Town Electric Bills Questioned

BERLIN – Berlin electric customers pay more for power than any other electric customers in the state and one elected official wants to know why.

“Currently we are paying the highest rates in the state of Maryland,” said Council member Ellen Lang said at Monday night’s town council meeting.

The supply costs are reasonable, Lang said. The Berlin electric utility relies on in-house engineering and has two deliberately unfilled positions on the electric line crew, both of which save money. The culprit must lay in operations and maintenance or salaries, Lang felt. “Something is ascrew,” Lang said.

Lang asked for a rate study to determine the problem and, if possible, reduce costs.

Berlin Administrative Director Linda Bambary said staff could complete the rate case study in 30 days.

Lang also asked that staff look into wind power contracts, to determine if that would be feasible, and just what would be available to the town.

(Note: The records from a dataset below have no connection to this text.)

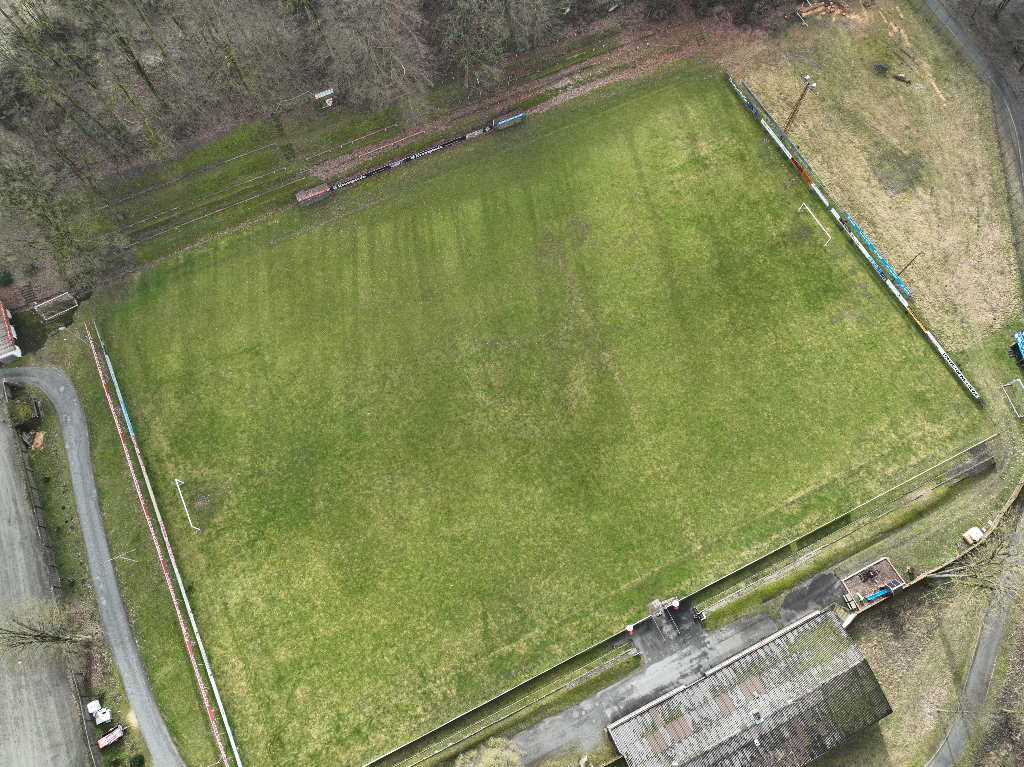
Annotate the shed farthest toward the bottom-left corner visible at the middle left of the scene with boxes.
[10,396,45,429]
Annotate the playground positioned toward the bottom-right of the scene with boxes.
[839,557,906,611]
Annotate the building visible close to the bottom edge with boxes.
[609,609,891,767]
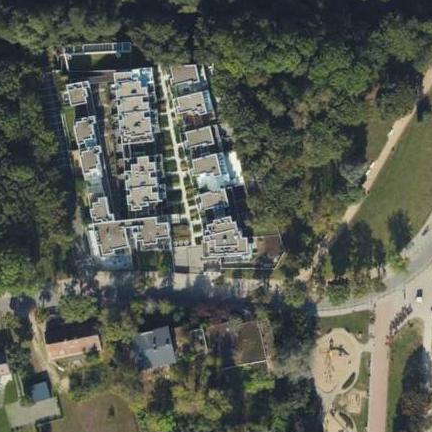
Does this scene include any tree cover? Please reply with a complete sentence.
Yes, tree cover can be seen from above here.
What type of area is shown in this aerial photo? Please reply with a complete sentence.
The area seen from above is a residential area.
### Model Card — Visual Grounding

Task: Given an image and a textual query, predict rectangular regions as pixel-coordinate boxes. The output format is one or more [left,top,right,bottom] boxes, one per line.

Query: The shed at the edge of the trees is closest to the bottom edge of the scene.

Buying renewable energy credits directly vs. paying into a renewable energy program could also create savings, Lang said.

Bambary concurred that it might be advisable to buy renewable energy credits directly rather than going through a program.

“We’ve got to do whatever we can do to help people in this town, myself included,” Lang said.

Council member Dean Burrell wondered if quality control measures on meter reading could save money, mentioning rereading of meters during billing disputes.

“I’d have to do some research on that,” Bambary said.

The new wireless meter reading system the town plans to add would cut down on time lost in rereading meters, said Bambary. Most rereads are done for water, not electric.

When the new finance director is hired and comes on board, that hire can look into quality control, Bambary said.

Meter reading is the task of electric utility line crew employees, Lang noted, and wondered if that was the best use of their time.

“They’re probably the highest paid employees in the town,” Lang said.

“You’ve got lineman actually walking around, reading meters. That bothers me,” said Council member Elroy Brittingham.

Wireless meter readings would eliminate this problem, among others, Bambary said. Purchase of that automatic reading system is waiting on a cost benefit analysis of adding the new meters, which could cost as much as $700,000.